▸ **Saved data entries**
-=-=-=-=-

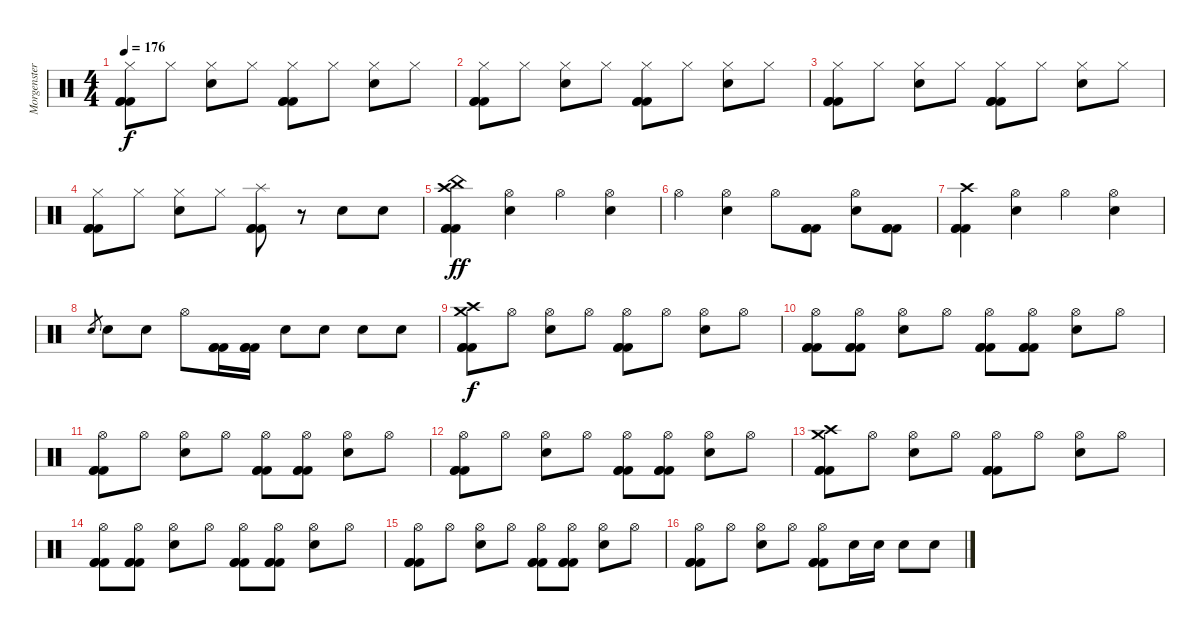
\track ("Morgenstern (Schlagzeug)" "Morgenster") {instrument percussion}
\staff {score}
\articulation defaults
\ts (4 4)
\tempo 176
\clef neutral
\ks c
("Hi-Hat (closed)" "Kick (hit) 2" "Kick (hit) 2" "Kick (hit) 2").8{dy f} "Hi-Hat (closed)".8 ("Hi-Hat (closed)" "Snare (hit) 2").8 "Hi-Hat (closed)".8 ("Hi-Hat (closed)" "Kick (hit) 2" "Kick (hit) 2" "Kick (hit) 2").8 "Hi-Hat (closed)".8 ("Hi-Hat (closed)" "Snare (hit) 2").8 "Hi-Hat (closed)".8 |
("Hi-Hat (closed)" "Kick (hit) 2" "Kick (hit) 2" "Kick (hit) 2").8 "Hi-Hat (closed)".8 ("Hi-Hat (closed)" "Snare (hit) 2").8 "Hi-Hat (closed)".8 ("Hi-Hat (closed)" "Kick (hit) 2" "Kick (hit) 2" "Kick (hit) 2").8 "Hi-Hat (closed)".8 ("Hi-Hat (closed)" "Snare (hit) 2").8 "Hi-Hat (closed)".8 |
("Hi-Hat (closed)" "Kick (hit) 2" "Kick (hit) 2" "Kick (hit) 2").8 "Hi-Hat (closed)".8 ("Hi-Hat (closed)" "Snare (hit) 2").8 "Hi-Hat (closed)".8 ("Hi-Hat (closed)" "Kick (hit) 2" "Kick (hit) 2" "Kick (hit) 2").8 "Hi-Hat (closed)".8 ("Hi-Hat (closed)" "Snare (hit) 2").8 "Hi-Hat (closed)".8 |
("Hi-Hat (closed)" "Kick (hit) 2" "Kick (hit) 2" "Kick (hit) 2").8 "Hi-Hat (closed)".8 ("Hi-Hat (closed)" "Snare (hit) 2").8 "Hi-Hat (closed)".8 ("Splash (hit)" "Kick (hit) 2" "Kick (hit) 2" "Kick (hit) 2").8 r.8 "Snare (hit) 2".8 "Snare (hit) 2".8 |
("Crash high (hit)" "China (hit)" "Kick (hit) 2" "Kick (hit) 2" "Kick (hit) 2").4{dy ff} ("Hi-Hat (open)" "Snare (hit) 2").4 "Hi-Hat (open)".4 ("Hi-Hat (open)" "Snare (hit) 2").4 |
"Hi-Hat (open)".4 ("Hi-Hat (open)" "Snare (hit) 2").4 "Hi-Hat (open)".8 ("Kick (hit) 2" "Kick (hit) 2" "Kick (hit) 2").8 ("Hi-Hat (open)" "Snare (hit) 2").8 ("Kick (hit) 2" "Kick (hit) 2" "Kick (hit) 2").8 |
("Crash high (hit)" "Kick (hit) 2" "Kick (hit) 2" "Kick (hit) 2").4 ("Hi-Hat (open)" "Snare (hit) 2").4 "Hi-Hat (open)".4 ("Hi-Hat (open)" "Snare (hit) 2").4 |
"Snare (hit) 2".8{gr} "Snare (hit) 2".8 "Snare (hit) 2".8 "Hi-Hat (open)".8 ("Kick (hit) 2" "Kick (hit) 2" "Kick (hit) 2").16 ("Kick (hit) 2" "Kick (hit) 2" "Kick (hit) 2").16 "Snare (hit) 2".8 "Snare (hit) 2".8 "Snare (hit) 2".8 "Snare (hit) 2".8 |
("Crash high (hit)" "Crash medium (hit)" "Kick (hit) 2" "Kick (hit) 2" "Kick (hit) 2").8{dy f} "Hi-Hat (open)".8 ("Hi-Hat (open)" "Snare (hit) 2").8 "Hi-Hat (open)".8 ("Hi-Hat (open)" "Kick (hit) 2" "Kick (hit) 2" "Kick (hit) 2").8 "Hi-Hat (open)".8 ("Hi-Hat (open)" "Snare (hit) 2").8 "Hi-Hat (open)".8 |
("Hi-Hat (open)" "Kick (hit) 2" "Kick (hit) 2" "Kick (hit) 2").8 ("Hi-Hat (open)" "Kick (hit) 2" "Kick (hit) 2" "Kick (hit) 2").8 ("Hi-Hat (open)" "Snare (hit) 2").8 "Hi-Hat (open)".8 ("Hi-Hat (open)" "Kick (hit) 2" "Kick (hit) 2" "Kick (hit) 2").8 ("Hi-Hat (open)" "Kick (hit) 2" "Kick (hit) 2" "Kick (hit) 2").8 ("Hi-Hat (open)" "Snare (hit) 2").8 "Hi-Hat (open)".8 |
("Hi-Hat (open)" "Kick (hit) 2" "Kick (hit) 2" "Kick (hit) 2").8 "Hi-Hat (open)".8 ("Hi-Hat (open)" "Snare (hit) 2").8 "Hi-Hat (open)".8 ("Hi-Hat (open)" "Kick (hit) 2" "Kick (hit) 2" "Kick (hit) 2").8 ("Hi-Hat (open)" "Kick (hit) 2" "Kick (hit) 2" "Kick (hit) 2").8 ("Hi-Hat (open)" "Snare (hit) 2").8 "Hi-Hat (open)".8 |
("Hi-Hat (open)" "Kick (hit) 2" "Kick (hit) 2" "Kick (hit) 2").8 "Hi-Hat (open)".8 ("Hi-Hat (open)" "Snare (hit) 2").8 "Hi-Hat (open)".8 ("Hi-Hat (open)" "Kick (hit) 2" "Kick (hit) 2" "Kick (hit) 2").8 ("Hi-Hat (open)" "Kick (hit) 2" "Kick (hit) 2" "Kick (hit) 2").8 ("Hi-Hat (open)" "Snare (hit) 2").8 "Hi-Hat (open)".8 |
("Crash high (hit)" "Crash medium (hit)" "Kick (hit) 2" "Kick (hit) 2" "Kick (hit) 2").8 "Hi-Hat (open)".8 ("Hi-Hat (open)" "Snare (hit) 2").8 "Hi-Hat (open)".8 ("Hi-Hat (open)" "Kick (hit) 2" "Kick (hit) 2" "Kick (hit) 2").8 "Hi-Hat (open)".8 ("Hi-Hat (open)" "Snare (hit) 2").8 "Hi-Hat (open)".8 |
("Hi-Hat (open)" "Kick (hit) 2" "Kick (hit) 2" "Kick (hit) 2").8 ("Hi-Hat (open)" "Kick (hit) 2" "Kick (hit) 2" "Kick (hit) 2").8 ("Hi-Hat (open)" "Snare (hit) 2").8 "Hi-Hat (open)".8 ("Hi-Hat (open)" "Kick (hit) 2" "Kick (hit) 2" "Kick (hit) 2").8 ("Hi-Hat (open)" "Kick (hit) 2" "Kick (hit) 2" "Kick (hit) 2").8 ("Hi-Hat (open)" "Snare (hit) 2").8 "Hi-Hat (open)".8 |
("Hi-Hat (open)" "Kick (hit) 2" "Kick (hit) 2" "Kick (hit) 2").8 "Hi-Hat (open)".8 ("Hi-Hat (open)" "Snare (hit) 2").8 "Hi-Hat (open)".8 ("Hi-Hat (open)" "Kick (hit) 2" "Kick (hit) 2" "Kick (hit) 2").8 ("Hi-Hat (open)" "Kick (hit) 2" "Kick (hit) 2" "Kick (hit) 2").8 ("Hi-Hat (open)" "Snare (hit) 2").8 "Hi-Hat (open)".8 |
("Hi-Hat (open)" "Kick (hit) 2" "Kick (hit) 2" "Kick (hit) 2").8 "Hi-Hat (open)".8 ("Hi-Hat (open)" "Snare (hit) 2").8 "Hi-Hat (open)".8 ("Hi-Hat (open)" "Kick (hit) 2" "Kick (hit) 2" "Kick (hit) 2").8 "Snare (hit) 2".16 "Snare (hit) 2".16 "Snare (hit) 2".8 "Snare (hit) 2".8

-=-=-=-=-

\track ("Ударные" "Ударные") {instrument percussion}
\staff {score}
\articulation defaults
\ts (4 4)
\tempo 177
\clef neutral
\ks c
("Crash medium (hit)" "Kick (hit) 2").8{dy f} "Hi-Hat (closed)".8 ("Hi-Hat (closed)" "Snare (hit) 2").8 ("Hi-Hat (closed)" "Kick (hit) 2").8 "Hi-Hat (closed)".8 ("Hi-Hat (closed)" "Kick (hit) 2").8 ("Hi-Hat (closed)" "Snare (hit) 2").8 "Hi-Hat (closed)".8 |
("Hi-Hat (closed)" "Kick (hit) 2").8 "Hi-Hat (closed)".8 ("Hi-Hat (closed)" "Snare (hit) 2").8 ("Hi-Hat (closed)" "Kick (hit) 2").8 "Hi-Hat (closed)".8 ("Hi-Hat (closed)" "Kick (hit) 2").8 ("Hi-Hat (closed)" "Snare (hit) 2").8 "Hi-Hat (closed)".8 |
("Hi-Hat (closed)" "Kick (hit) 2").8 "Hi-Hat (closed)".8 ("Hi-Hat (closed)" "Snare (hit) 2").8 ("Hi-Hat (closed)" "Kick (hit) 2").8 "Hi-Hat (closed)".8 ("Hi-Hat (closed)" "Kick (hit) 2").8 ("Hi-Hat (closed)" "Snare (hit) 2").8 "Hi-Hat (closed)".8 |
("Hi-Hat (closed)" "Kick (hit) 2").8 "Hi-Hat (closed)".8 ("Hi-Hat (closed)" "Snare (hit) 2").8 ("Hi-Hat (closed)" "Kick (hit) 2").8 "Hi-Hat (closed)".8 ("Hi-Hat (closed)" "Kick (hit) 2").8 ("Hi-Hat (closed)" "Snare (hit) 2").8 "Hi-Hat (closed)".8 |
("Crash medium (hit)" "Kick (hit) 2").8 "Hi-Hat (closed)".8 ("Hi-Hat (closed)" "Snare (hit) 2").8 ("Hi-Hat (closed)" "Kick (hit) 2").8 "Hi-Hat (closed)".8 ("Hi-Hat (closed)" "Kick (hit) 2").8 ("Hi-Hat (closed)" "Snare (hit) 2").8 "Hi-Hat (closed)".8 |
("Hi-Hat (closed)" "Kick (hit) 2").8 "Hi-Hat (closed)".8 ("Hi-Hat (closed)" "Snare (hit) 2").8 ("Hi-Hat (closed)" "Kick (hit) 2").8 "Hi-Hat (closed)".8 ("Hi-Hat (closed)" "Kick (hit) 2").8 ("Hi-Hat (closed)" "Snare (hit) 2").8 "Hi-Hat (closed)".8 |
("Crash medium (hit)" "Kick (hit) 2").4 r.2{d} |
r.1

-=-=-=-=-

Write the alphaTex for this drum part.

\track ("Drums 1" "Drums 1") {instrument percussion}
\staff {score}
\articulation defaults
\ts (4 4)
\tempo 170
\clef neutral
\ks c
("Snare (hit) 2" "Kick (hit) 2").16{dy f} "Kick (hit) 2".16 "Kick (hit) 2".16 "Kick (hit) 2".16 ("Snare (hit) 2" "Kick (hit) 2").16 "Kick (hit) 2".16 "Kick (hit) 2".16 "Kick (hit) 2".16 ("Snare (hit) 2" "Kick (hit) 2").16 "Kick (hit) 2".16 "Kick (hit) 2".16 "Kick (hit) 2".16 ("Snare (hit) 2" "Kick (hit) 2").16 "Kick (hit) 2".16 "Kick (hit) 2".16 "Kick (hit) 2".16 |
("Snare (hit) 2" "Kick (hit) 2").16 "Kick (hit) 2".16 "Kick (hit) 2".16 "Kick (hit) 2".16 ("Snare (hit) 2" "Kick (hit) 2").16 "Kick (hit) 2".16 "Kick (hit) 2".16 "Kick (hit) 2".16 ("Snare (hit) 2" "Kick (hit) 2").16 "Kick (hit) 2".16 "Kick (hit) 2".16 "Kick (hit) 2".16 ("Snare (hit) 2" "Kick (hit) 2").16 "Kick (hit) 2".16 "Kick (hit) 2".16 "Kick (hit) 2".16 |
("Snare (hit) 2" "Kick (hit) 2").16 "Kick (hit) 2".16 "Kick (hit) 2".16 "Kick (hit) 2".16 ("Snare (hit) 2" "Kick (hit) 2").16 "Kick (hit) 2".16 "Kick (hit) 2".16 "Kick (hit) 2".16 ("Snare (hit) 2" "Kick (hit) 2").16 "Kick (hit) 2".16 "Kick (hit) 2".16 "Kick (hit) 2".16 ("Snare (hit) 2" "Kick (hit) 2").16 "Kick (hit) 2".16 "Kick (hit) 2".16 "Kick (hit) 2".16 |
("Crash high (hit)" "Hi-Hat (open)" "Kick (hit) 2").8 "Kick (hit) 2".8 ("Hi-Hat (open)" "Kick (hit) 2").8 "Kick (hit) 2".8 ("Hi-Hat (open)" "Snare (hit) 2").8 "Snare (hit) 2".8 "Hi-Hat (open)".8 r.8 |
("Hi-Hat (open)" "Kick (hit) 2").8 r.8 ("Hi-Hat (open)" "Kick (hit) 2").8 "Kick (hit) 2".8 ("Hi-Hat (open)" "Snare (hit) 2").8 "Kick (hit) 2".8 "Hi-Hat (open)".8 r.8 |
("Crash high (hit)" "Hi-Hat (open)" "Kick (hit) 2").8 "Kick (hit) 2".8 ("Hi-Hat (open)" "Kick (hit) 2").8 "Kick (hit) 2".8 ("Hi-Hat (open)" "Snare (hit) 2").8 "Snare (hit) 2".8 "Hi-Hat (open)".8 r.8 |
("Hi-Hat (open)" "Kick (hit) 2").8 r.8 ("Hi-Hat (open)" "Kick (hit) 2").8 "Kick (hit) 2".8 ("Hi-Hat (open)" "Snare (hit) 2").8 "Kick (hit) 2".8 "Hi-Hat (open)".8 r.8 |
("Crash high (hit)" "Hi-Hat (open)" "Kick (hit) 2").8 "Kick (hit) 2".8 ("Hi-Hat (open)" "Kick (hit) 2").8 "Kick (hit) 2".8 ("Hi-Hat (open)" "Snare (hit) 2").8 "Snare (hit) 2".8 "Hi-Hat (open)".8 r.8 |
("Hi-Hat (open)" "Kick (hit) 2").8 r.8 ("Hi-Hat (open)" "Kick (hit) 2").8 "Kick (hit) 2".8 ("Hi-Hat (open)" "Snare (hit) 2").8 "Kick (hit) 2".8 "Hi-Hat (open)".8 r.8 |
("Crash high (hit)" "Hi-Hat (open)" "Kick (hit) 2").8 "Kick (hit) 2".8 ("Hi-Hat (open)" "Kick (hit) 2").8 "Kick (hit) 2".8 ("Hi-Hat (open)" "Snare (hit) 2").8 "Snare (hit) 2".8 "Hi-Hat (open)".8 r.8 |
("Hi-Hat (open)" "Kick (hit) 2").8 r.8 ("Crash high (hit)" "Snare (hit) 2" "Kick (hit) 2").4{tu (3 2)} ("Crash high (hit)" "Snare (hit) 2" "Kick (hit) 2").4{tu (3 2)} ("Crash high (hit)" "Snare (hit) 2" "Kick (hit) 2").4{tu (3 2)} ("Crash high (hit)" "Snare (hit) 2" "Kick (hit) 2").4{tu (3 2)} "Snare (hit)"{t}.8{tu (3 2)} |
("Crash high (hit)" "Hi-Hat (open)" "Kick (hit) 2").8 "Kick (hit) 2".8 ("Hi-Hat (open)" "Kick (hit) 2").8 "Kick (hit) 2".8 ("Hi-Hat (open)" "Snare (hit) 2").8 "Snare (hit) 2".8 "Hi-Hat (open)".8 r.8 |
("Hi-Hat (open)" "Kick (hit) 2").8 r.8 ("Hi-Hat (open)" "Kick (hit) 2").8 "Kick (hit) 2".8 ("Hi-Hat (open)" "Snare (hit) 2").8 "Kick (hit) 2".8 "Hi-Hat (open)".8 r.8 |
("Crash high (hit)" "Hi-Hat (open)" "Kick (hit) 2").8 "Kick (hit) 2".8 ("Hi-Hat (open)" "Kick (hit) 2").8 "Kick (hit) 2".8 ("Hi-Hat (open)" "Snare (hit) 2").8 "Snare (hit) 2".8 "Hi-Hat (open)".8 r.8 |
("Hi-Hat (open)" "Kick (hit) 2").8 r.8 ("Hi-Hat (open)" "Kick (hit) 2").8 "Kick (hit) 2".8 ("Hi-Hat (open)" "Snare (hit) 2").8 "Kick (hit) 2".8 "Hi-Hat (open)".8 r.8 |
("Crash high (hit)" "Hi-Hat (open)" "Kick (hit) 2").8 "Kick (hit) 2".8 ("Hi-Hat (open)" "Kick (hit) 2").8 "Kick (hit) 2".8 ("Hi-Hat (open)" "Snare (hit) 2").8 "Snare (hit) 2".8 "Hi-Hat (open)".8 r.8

-=-=-=-=-

Whenever a line includes the word "medium", pull it out of the entries.

▸ **Your response**
("Crash high (hit)" "Crash medium (hit)" "Kick (hit) 2" "Kick (hit) 2" "Kick (hit) 2").8{dy f} "Hi-Hat (open)".8 ("Hi-Hat (open)" "Snare (hit) 2").8 "Hi-Hat (open)".8 ("Hi-Hat (open)" "Kick (hit) 2" "Kick (hit) 2" "Kick (hit) 2").8 "Hi-Hat (open)".8 ("Hi-Hat (open)" "Snare (hit) 2").8 "Hi-Hat (open)".8 |
("Crash high (hit)" "Crash medium (hit)" "Kick (hit) 2" "Kick (hit) 2" "Kick (hit) 2").8 "Hi-Hat (open)".8 ("Hi-Hat (open)" "Snare (hit) 2").8 "Hi-Hat (open)".8 ("Hi-Hat (open)" "Kick (hit) 2" "Kick (hit) 2" "Kick (hit) 2").8 "Hi-Hat (open)".8 ("Hi-Hat (open)" "Snare (hit) 2").8 "Hi-Hat (open)".8 |
("Crash medium (hit)" "Kick (hit) 2").8{dy f} "Hi-Hat (closed)".8 ("Hi-Hat (closed)" "Snare (hit) 2").8 ("Hi-Hat (closed)" "Kick (hit) 2").8 "Hi-Hat (closed)".8 ("Hi-Hat (closed)" "Kick (hit) 2").8 ("Hi-Hat (closed)" "Snare (hit) 2").8 "Hi-Hat (closed)".8 |
("Crash medium (hit)" "Kick (hit) 2").8 "Hi-Hat (closed)".8 ("Hi-Hat (closed)" "Snare (hit) 2").8 ("Hi-Hat (closed)" "Kick (hit) 2").8 "Hi-Hat (closed)".8 ("Hi-Hat (closed)" "Kick (hit) 2").8 ("Hi-Hat (closed)" "Snare (hit) 2").8 "Hi-Hat (closed)".8 |
("Crash medium (hit)" "Kick (hit) 2").4 r.2{d} |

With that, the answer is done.